Gibson Cloning Protocol

Materials Needed

5X isothermal (ISO) reaction buffer (25% PEG-8000, 500 mM Tris-HCl pH 7.5, 50 mM MgCl2, 50 mM DTT, 1 mM each of the 4 dNTPs, and 5 mM NAD). This is prepared as described below.
T5 exonuclease (Epicentre)
Phusion DNA polymerase (New England Biolabs)
Taq DNA ligase (New England Biolabs)

1. Heat block or thermocycler with PCR tubes.

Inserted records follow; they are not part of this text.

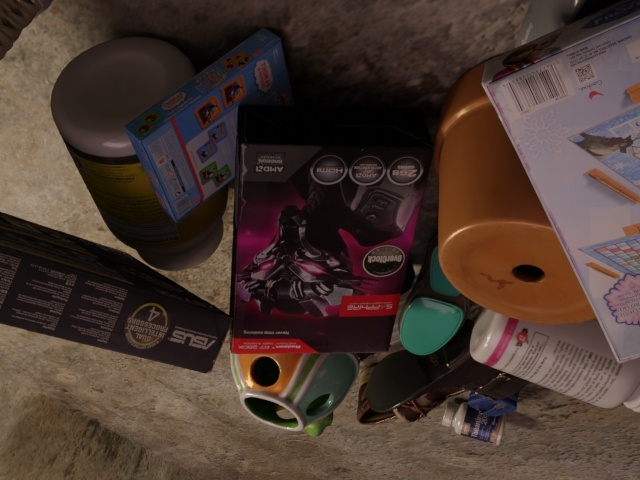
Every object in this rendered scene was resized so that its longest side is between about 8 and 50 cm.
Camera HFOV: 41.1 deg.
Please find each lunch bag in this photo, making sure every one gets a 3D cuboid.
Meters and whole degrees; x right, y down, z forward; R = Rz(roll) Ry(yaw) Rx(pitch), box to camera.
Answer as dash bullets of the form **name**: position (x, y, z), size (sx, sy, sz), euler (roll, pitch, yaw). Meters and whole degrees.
- **lunch bag**: position (0.319, 0.289, 1.584), size (0.067, 0.065, 0.098), euler (30, 148, -14)

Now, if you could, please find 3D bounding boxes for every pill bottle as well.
- **pill bottle**: position (-0.232, -0.102, 1.186), size (0.188, 0.188, 0.334), euler (13, 149, 13)
- **pill bottle**: position (0.374, 0.145, 1.227), size (0.283, 0.160, 0.160), euler (20, 150, 2)
- **pill bottle**: position (0.307, 0.362, 1.706), size (0.120, 0.067, 0.067), euler (14, 149, 12)

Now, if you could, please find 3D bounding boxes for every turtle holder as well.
- **turtle holder**: position (-0.054, 0.225, 1.555), size (0.243, 0.227, 0.320), euler (22, 149, -2)

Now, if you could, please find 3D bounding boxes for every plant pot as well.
- **plant pot**: position (0.256, -0.041, 0.965), size (0.291, 0.203, 0.291), euler (15, 149, 9)

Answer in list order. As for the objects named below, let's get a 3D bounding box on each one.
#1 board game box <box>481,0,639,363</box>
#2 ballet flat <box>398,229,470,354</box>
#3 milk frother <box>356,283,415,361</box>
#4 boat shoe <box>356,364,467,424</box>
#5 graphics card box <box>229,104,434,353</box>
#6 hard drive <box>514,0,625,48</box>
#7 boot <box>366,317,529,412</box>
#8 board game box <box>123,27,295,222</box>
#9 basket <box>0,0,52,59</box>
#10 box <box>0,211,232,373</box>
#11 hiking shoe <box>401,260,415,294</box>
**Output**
- **board game box**: position (0.350, -0.073, 0.727), size (0.318, 0.066, 0.318), euler (-21, 113, 24)
- **ballet flat**: position (0.187, 0.062, 1.262), size (0.095, 0.096, 0.280), euler (22, 140, 6)
- **milk frother**: position (0.099, 0.106, 1.412), size (0.134, 0.143, 0.129), euler (-24, 178, 5)
- **boat shoe**: position (0.181, 0.291, 1.616), size (0.123, 0.123, 0.342), euler (36, 146, -23)
- **graphics card box**: position (0.000, 0.000, 1.119), size (0.233, 0.094, 0.371), euler (1, 130, -8)
- **hard drive**: position (0.285, -0.230, 0.725), size (0.172, 0.054, 0.255), euler (-3, 155, -11)
- **boot**: position (0.234, 0.233, 1.423), size (0.263, 0.091, 0.229), euler (-37, 137, 27)
- **board game box**: position (-0.124, -0.139, 1.047), size (0.039, 0.211, 0.160), euler (41, 160, 30)
- **basket**: position (-0.572, -0.282, 1.040), size (0.328, 0.266, 0.331), euler (-13, 137, 43)
- **box**: position (-0.356, 0.043, 1.114), size (0.395, 0.097, 0.318), euler (23, 178, -44)
- **hiking shoe**: position (0.056, -0.007, 1.235), size (0.132, 0.113, 0.304), euler (-23, 136, 36)
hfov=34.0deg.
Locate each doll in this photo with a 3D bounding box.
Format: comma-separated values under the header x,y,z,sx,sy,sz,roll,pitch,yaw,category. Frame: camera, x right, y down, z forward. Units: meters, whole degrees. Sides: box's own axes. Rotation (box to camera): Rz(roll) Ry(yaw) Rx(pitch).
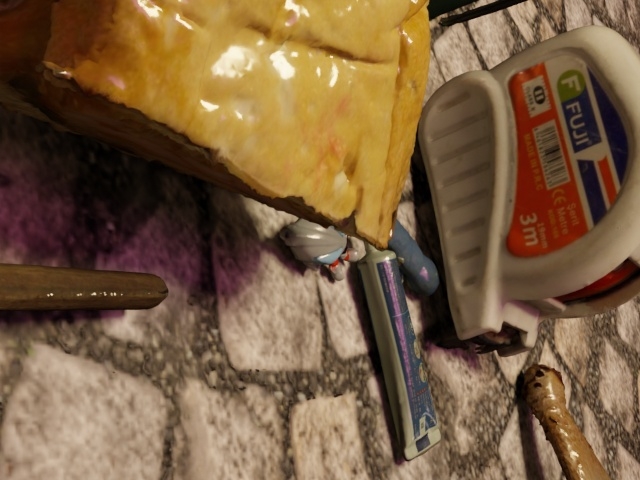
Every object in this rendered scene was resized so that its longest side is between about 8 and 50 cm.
x,y,z,sx,sy,sz,roll,pitch,yaw,category
0.001,0.000,0.820,0.057,0.039,0.114,-63,156,11,doll
0.067,0.004,0.926,0.125,0.027,0.037,49,41,-29,doll

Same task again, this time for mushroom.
x,y,z,sx,sy,sz,roll,pitch,yaw,category
0.250,0.225,1.038,0.218,0.148,0.227,62,21,15,mushroom

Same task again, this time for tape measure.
x,y,z,sx,sy,sz,roll,pitch,yaw,category
0.215,-0.047,0.975,0.130,0.265,0.258,28,47,-50,tape measure

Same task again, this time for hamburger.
x,y,z,sx,sy,sz,roll,pitch,yaw,category
-0.039,-0.130,0.638,0.330,0.162,0.209,25,85,-50,hamburger

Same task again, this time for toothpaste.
x,y,z,sx,sy,sz,roll,pitch,yaw,category
0.063,0.084,0.879,0.057,0.034,0.197,-17,94,-51,toothpaste

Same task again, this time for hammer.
x,y,z,sx,sy,sz,roll,pitch,yaw,category
-0.194,0.019,0.491,0.365,0.111,0.044,6,73,-61,hammer

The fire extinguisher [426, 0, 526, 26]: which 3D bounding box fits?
x,y,z,sx,sy,sz,roll,pitch,yaw,category
0.176,-0.277,0.955,0.093,0.294,0.118,-38,109,-56,fire extinguisher
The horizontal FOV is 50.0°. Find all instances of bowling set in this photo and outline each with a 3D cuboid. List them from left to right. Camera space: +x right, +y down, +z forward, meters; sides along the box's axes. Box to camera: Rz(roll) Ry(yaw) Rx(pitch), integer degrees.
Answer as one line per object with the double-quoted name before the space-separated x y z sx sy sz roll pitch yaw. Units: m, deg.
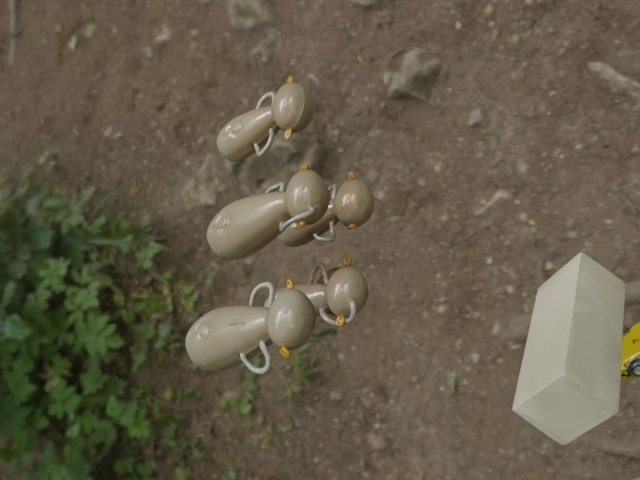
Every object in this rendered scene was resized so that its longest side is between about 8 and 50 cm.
"bowling set" 0.000 0.000 0.665 0.154 0.200 0.286 -21 58 44

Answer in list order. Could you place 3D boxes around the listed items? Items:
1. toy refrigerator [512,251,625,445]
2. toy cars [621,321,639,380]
"toy refrigerator" 0.355 0.144 0.956 0.094 0.269 0.102 35 130 -1
"toy cars" 0.670 0.103 1.256 0.393 0.087 0.176 -56 21 -13
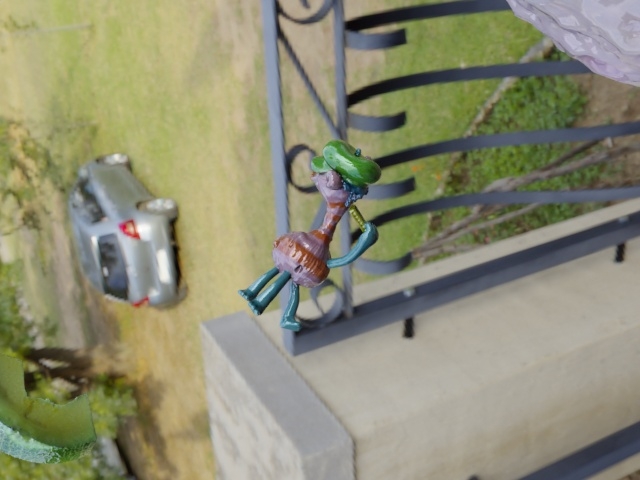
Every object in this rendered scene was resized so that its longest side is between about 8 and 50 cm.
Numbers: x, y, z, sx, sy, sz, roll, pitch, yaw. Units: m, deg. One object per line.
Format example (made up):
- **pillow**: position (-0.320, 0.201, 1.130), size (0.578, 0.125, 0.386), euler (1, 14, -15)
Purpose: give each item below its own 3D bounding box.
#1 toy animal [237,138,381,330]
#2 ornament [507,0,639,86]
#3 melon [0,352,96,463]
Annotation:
- **toy animal**: position (0.000, 0.000, 0.919), size (0.103, 0.100, 0.208), euler (35, 95, 24)
- **ornament**: position (0.173, -0.172, 0.311), size (0.225, 0.259, 0.259), euler (30, 142, 9)
- **melon**: position (-0.409, 0.237, 1.208), size (0.064, 0.209, 0.118), euler (-43, 28, 43)
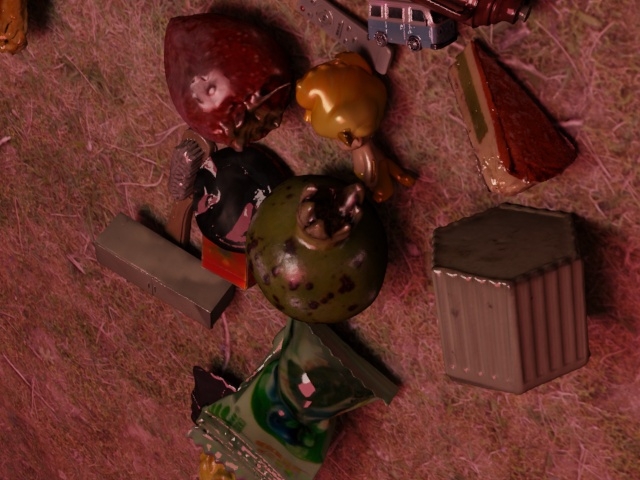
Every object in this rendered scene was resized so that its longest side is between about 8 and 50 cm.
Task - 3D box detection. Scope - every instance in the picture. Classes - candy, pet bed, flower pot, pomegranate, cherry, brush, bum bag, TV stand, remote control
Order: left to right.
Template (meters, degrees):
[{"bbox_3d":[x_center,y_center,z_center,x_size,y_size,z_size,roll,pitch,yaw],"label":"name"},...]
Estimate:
[{"bbox_3d":[-0.299,0.059,2.170,0.269,0.088,0.083,30,151,12],"label":"TV stand"},{"bbox_3d":[-0.262,-0.074,2.101,0.070,0.065,0.327,37,138,15],"label":"brush"},{"bbox_3d":[-0.220,0.348,2.365,0.123,0.060,0.248,37,139,18],"label":"bum bag"},{"bbox_3d":[-0.154,-0.266,1.779,0.249,0.175,0.192,44,129,11],"label":"cherry"},{"bbox_3d":[-0.135,-0.071,1.947,0.201,0.053,0.201,3,98,24],"label":"pet bed"},{"bbox_3d":[-0.060,0.312,2.070,0.263,0.172,0.398,42,113,9],"label":"candy"},{"bbox_3d":[0.009,0.015,1.761,0.242,0.242,0.306,60,166,-10],"label":"pomegranate"},{"bbox_3d":[0.039,-0.317,1.684,0.184,0.027,0.050,40,141,20],"label":"remote control"},{"bbox_3d":[0.272,0.079,1.617,0.209,0.239,0.190,-5,117,11],"label":"flower pot"}]

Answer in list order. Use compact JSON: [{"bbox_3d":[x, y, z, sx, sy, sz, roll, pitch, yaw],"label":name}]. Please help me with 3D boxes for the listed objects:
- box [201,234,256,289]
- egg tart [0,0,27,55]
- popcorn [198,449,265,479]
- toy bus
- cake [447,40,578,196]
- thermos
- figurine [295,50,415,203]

Prepare 5X ISO buffer. Six ml of this buffer can be prepared by combining the following:
1. 3 ml of 1 M Tris-HCl pH 7.5
2. 150 μl of 2 M MgCl2
3. 60 μl of 100 mM dGTP
4. 60 μl of 100 mM dATP
5. 60 μl of 100 mM dTTP
6. 60 μl of 100 mM dCTP
7. 300 μl of 1 M DTT
8. 1.5 g PEG-8000
9. 300 μl of 100 mM NAD
10. Add water to 6 ml
11. Aliquot 100 μl and store at -20 °C
Prepare an assembly master mixture. This can be prepared by combining the following:
1. 320 μl 5X ISO buffer
2. 0.64 μl of 10 U/ μl T5 exo
3. 20 μl of 2 U/μl Phusion pol
4. 160 μl of 40 U/μl Taq lig
5. Add water to 1.2 ml
6. Aliquot 15 μl and store at -20 °C. This assembly mixture can be stored at -20 °C for at least one year. The enzymes remain active following at least 10 freeze-thaw cycles.
  1. This is ideal for the assembly of DNA molecules with 20-150 bp overlaps. For DNA molecules overlapping by larger than 150 bp, prepare the assembly mixture by using 3.2 μl of 10 U/ μl T5 exo.
Thaw a 15 μl assembly mixture aliquot and keep on ice until ready to be used.
Add 5 μl of DNA to be assembled to the master mixture. The DNA should be in equimolar amounts. Use 10-100 ng of each ~6 kb DNA fragment. For larger DNA segments, increasingly proportionate amounts of DNA should be added (e.g. 250 ng of each 150 kb DNA segment).
Incubate at 50 °C for 15 to 60 min (60 min is optimal).
If cloning is desired, electroporate 1 μl of the assembly reaction into 30 μl electrocompetent E. coli.